2014 was a tough year to be invested in many of Australia's top retail brands, and life could be about to get a whole lot tougher in 2015.
Already in late 2014 and early 2015 we have seen Specialty Fashion Group Ltd. (ASX: SFH), OrotonGroup Limited (ASX: ORL), and Kathmandu Holdings Ltd (ASX: KMD) report that earnings would be lower than expected this financial year. The share price response has varied but it paints a grim picture for the coming 12 months.
- Discounting will impact profitability
Shareholders in OrotonGroup saw this in action last week when the company announced that because it had stopped discounting its flagship Oroton brand, sales had dropped off significantly. The fall in sales would impact earnings, but the tradeoff – of increasing discounting – actually hadn't helped some of the company's other brands grow earnings either.

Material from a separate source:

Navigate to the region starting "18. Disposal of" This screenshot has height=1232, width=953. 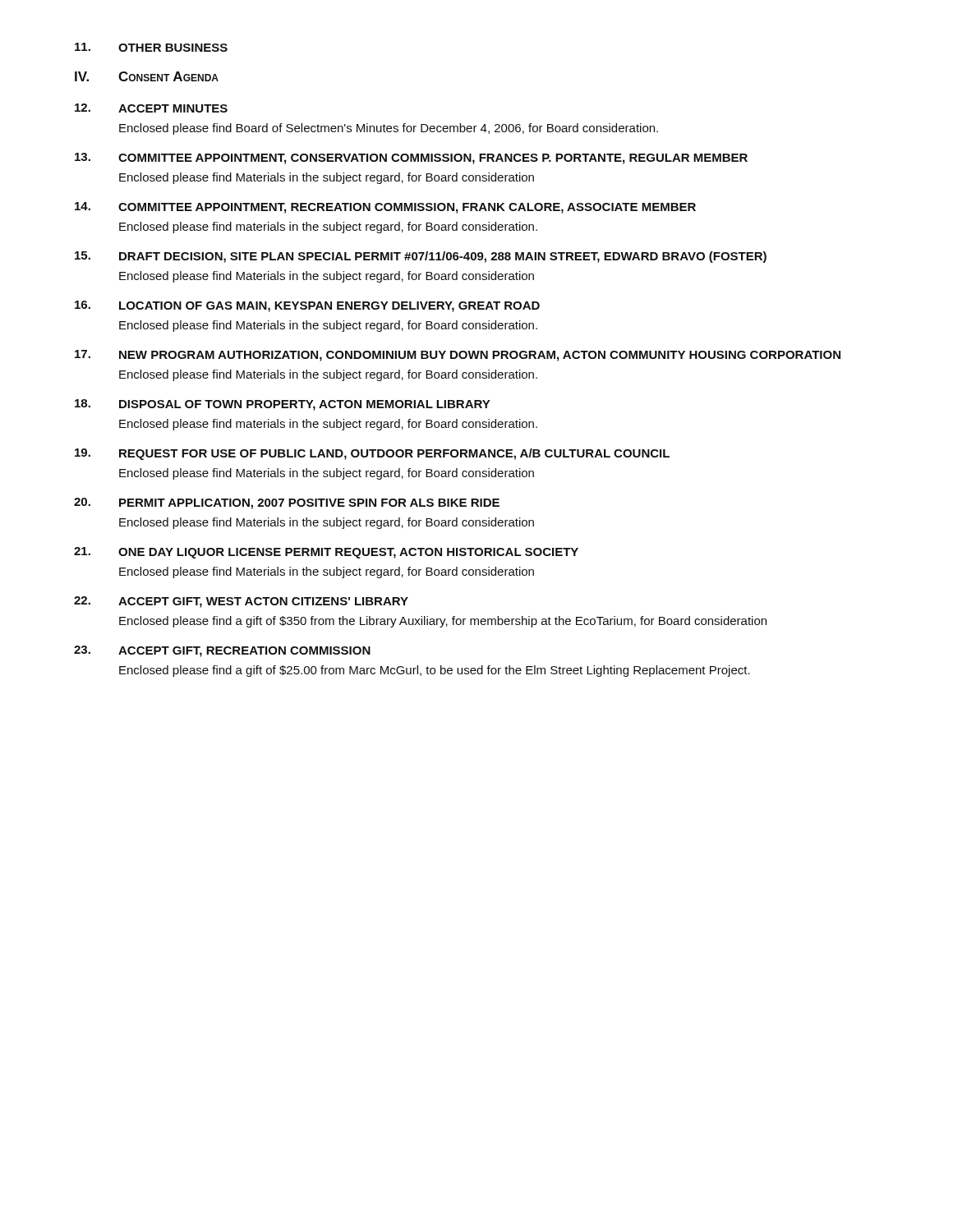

These Australian brands are competing with new entrants to the market that are content to lower margins to boost market share, and more are coming!
- Overseas companies will increase competition
This has been happening for some time, but 2014 appeared to be a turning point. Major brands, including H&M, Uniqlo, Forever 21 and Sephora all launched flagship stores in Sydney and Melbourne over the year. 2015 is expected to be the same with British retail giants Marks & Spencer set to enter the market among other recognisable names.
- Competitive advantages are key
The problem facing many of Australia's largest retailers is that there is very little separating them from rivals. For example, almost all of the companies listed above compete for the same customers as Myer Holdings Ltd (ASX: MYR) and Premier Investments Limited (ASX: PMV).
Conversely, retailers like the Reject Shop Ltd (ASX: TRS) and Woolworths Limited (ASX: WOW) have fewer direct competitors, already have dominant market shares, and are less impacted by a downturn in consumer spending.